**Directions:** Among the lines of the material, copy those that hold the string "cuboid".

**Available records:**
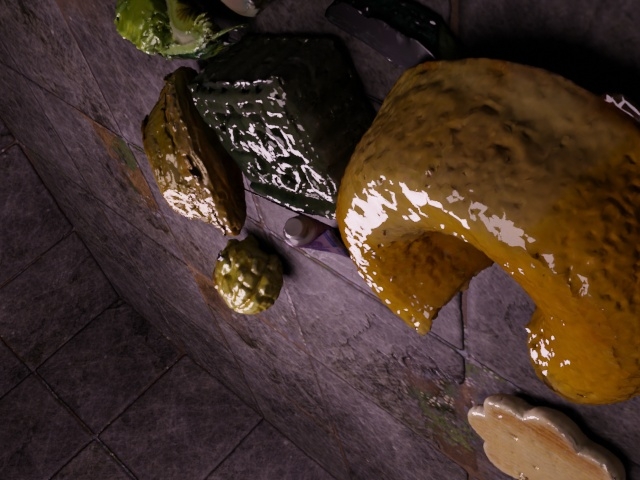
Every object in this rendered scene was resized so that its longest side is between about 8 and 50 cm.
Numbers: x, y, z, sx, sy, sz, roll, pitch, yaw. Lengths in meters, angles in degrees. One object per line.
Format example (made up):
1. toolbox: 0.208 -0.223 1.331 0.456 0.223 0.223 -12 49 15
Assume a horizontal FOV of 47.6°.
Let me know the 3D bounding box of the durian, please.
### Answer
1. durian: -0.231 -0.331 1.054 0.107 0.132 0.375 35 179 -42

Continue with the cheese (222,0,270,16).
1. cheese: -0.127 -0.358 0.909 0.171 0.047 0.092 51 156 -10

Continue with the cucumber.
1. cucumber: 0.088 -0.220 0.775 0.220 0.046 0.070 35 148 21

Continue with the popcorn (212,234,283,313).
1. popcorn: -0.158 0.074 1.567 0.173 0.142 0.173 168 90 -71

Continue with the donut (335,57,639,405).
1. donut: 0.177 -0.004 0.758 0.435 0.163 0.377 23 156 45

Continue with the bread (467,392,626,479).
1. bread: 0.384 0.366 1.206 0.316 0.054 0.316 36 155 20

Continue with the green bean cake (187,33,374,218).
1. green bean cake: -0.039 -0.150 1.003 0.241 0.132 0.255 16 144 45

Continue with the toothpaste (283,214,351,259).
1. toothpaste: 0.000 0.000 1.148 0.075 0.048 0.301 11 176 15

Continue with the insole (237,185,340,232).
1. insole: -0.031 -0.043 1.176 0.232 0.003 0.080 24 -177 -22

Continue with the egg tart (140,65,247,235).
1. egg tart: -0.208 -0.135 1.177 0.294 0.123 0.293 -18 -90 -86
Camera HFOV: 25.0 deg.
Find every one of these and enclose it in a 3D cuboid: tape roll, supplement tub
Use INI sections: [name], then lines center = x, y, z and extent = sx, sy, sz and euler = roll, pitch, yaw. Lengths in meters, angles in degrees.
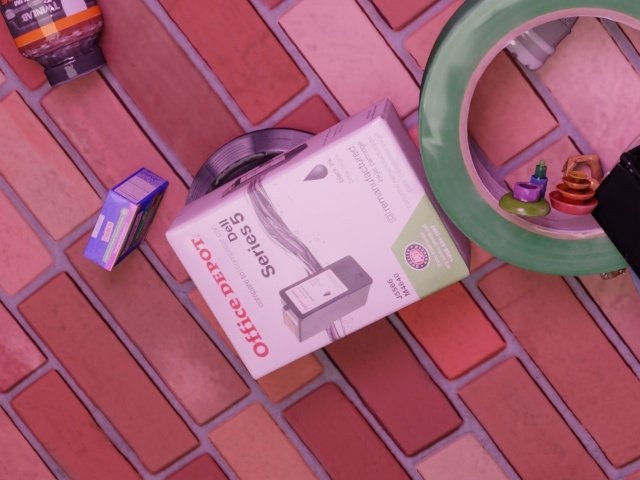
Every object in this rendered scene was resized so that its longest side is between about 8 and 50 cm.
[tape roll]
center = 0.259, -0.125, 1.464
extent = 0.321, 0.077, 0.321
euler = 1, 110, 4
[supplement tub]
center = -0.310, -0.276, 1.624
extent = 0.106, 0.106, 0.197
euler = -19, 101, 20

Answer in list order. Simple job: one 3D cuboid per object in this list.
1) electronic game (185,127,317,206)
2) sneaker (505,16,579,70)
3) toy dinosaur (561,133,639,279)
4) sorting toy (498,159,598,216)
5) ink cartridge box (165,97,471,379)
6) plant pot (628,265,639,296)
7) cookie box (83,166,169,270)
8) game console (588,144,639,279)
[electronic game]
center = -0.044, -0.018, 1.666
extent = 0.229, 0.048, 0.229
euler = 2, 108, 6
[sneaker]
center = 0.170, -0.314, 1.501
extent = 0.115, 0.105, 0.281
euler = -41, 103, 11
[toy dinosaur]
center = 0.321, -0.064, 1.559
extent = 0.112, 0.064, 0.211
euler = 12, 114, -2
[sorting toy]
center = 0.224, -0.052, 1.422
extent = 0.102, 0.061, 0.042
euler = -1, 112, -20
[ink cartridge box]
center = 0.000, 0.000, 1.579
extent = 0.273, 0.115, 0.198
euler = -28, 102, 14
[plant pot]
center = 0.432, 0.085, 1.459
extent = 0.234, 0.165, 0.165
euler = 35, 116, -29
[cookie box]
center = -0.225, -0.026, 1.679
extent = 0.040, 0.107, 0.091
euler = 28, 112, 5
[game console]
center = 0.338, -0.031, 1.409
extent = 0.107, 0.071, 0.122
euler = -27, 63, -10
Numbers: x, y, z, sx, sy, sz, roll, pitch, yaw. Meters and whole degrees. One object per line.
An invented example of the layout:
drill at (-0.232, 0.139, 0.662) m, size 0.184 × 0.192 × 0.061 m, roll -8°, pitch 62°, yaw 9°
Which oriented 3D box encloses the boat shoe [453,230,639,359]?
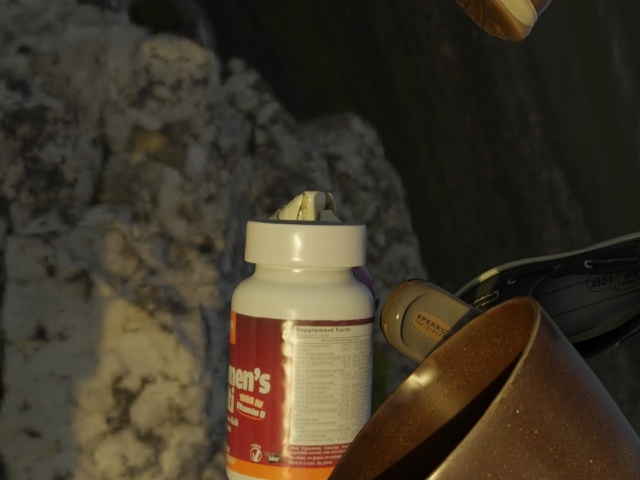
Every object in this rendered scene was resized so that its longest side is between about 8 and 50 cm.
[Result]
boat shoe at (0.264, 0.090, 1.527) m, size 0.127 × 0.340 × 0.113 m, roll 67°, pitch 23°, yaw -12°

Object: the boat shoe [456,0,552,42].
boat shoe at (0.138, -0.360, 1.342) m, size 0.342 × 0.123 × 0.123 m, roll 47°, pitch -7°, yaw -24°

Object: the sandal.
sandal at (0.148, 0.096, 1.168) m, size 0.219 × 0.060 × 0.090 m, roll 31°, pitch 81°, yaw -32°

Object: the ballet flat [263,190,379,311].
ballet flat at (0.000, 0.000, 1.290) m, size 0.221 × 0.077 × 0.079 m, roll -128°, pitch -146°, yaw -57°

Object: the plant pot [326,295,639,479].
plant pot at (0.148, 0.193, 0.883) m, size 0.230 × 0.215 × 0.215 m, roll 43°, pitch 31°, yaw -6°

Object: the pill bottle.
pill bottle at (-0.016, 0.095, 1.114) m, size 0.121 × 0.121 × 0.221 m, roll -6°, pitch 99°, yaw -68°
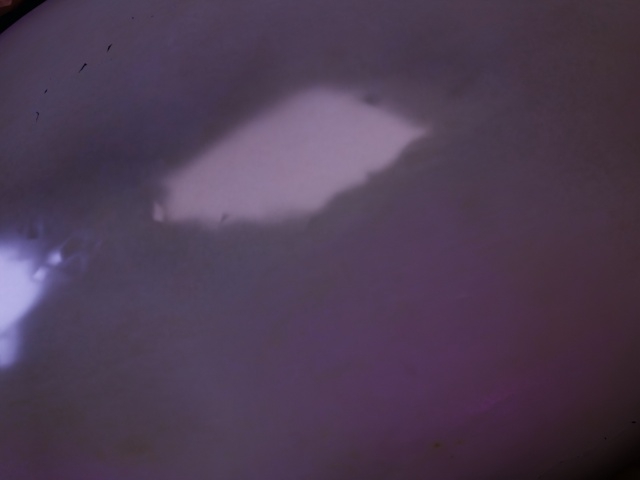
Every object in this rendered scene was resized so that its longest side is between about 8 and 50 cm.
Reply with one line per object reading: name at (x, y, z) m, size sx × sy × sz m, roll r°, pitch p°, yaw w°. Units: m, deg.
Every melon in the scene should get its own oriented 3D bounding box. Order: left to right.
melon at (0.000, 0.000, 0.620) m, size 0.317 × 0.223 × 0.223 m, roll -19°, pitch 67°, yaw 15°

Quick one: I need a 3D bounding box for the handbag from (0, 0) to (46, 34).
handbag at (-0.237, -0.117, 0.787) m, size 0.268 × 0.100 × 0.274 m, roll 15°, pitch 62°, yaw 27°

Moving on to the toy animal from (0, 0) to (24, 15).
toy animal at (-0.048, -0.241, 0.681) m, size 0.216 × 0.191 × 0.338 m, roll -24°, pitch 21°, yaw 50°
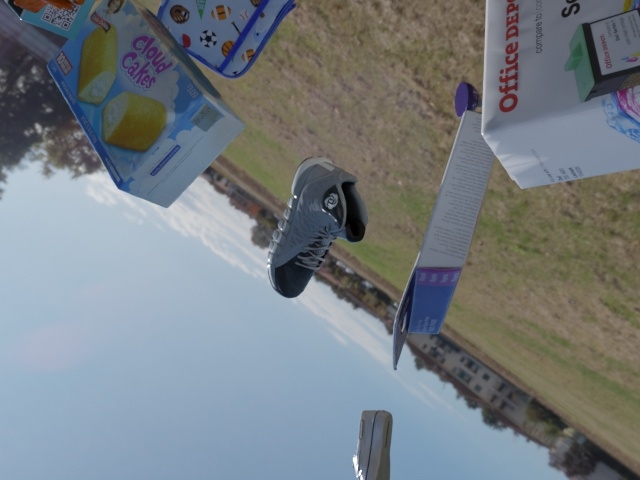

**Answer box:**
Find every one of these and enclose it in a 3D cuboid: tape roll, supplement tub
Answer in list order. Simple job: one 3D cuboid per object in this list.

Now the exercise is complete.